The keystone taxa are defined as taxa that are highly connected and contribute individually or in association with other taxa to the structure and function of the microbiome irrespective of their abundance [7]. We identified the keystone taxa such as Chryseobacterium and Glutamicibacter in both lab-grown and soil-grown A. kimi microbial networks (Fig. 6). Chryseobacterium was recognized as a potential pathogen in insects, including bark beetles [25]. Glutamicibacter was suggested to aid host metabolism [34]. Although Kitasatospora and Pandoraea were not found in high abundance, we identified them as putative keystone taxa in the microbial network of the soil-grown A. kimi. This finding suggested that taxa of low abundance may be significant in shaping the network structure of the microbiota. However, empirical evidence emphasizing the importance of these keystone taxa in Collembola were hardly found in the literature and further study is required to validate the importance of the low abundance keystone taxa.

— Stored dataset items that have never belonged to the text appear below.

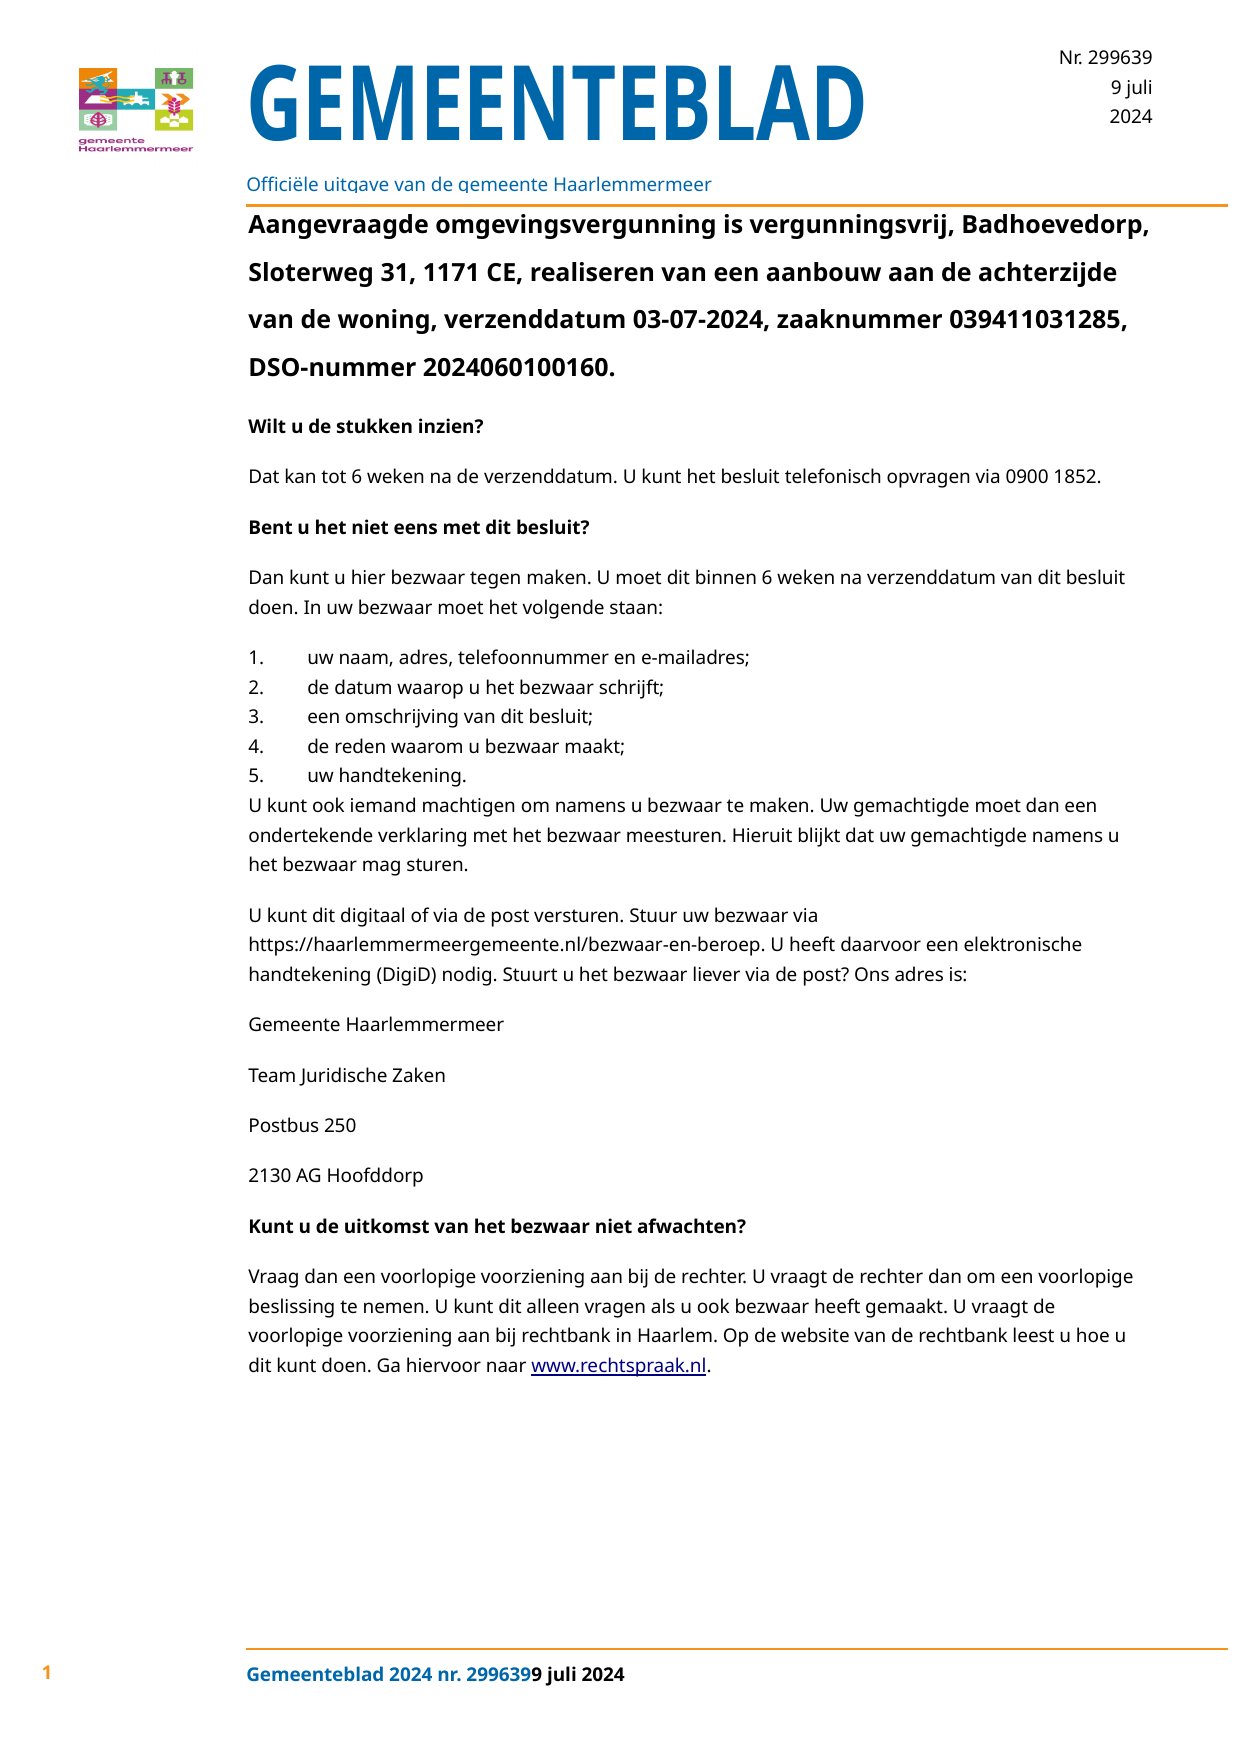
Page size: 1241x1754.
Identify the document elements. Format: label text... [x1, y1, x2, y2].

text Aangevraagde omgevingsvergunning is vergunningsvrij, Badhoevedorp, Sloterweg 31, 1171 CE, realiseren van een aanbouw aan de achterzijde van de woning, verzenddatum 03-07-2024, zaaknummer 039411031285, DSO-nummer 2024060100160. [248, 207, 1152, 384]
list uw naam, adres, telefoonnummer en e-mailadres; [248, 644, 1152, 670]
list uw handtekening. [248, 763, 1152, 788]
text Team Juridische Zaken [248, 1062, 1152, 1088]
text Kunt u de uitkomst van het bezwaar niet afwachten? [248, 1213, 1152, 1239]
text U kunt ook iemand machtigen om namens u bezwaar te maken. Uw gemachtigde moet dan een ondertekende verklaring met het bezwaar meesturen. Hieruit blijkt dat uw gemachtigde namens u het bezwaar mag sturen. [248, 792, 1152, 877]
text Wilt u de stukken inzien? [248, 413, 1152, 439]
text Dat kan tot 6 weken na de verzenddatum. U kunt het besluit telefonisch opvragen via 0900 1852. [248, 463, 1152, 489]
list de reden waarom u bezwaar maakt; [248, 733, 1152, 759]
picture [41, 47, 231, 172]
text Vraag dan een voorlopige voorziening aan bij de rechter. U vraagt de rechter dan om een voorlopige beslissing te nemen. U kunt dit alleen vragen als u ook bezwaar heeft gemaakt. U vraagt de voorlopige voorziening aan bij rechtbank in Haarlem. Op de website van de rechtbank leest u hoe u dit kunt doen. Ga hiervoor naar www.rechtspraak.nl. [248, 1263, 1152, 1378]
text U kunt dit digitaal of via de post versturen. Stuur uw bezwaar via https://haarlemmermeergemeente.nl/bezwaar-en-beroep. U heeft daarvoor een elektronische handtekening (DigiD) nodig. Stuurt u het bezwaar liever via de post? Ons adres is: [248, 902, 1152, 987]
text Gemeente Haarlemmermeer [248, 1011, 1152, 1037]
text Bent u het niet eens met dit besluit? [248, 514, 1152, 540]
text Postbus 250 [248, 1112, 1152, 1138]
list een omschrijving van dit besluit; [248, 703, 1152, 729]
list de datum waarop u het bezwaar schrijft; [248, 674, 1152, 700]
text 2130 AG Hoofddorp [248, 1163, 1152, 1188]
text Dan kunt u hier bezwaar tegen maken. U moet dit binnen 6 weken na verzenddatum van dit besluit doen. In uw bezwaar moet het volgende staan: [248, 564, 1152, 620]
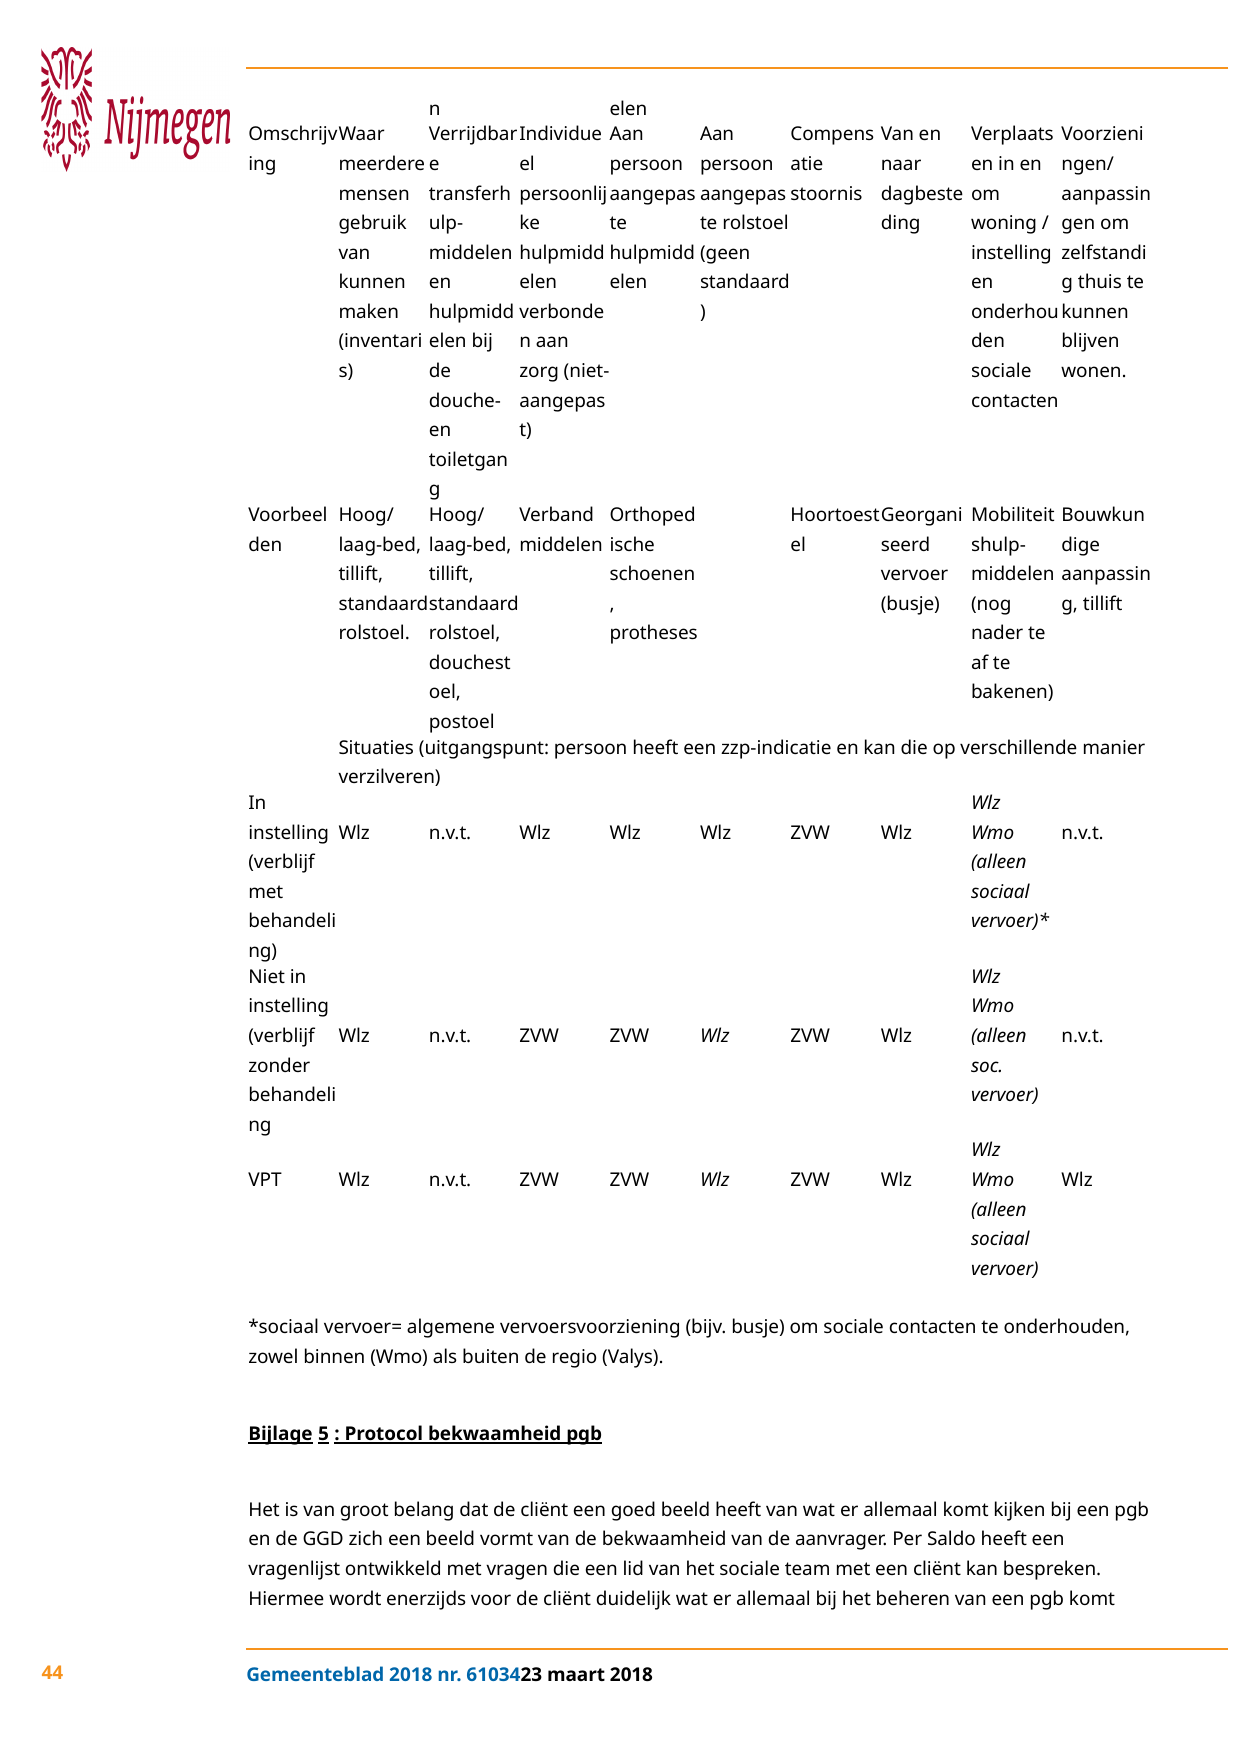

The lack of microbiome data for A. kimi has been a long-lasting gap in the assessment of the role of the A. kimi microbiota in ecotoxicological studies. Since the bacterial community composition was characterized in this study, A. kimi can be used not only as a model organism for ecotoxicological studies, but also as a gnotobiotic-type model organism with which to study the contribution of the microbiota to its ecotoxicological effects. Our study provided useful insights into the bacterial community composition of laboratory-maintained A. kimi and the potential spatio-temporal changes in the microbiota under field conditions. Allonychiurus kimi microbiota is permissive, allowing members of the soil microbiota to colonize in A. kimi and form dynamic associations with the soil microbiota. Therefore, the microbiota restructuring patterns in A. kimi, upon exposure to different environmental conditions, can also be used as an indicator of ecotoxicological effects. Since the A. kimi microbiota is amenable to both laboratory and field conditions, our study will pioneer the role of the host-associated microbiota in the ecotoxicological effects exerted by this tiny soil dwelling arthropod, A. kimi.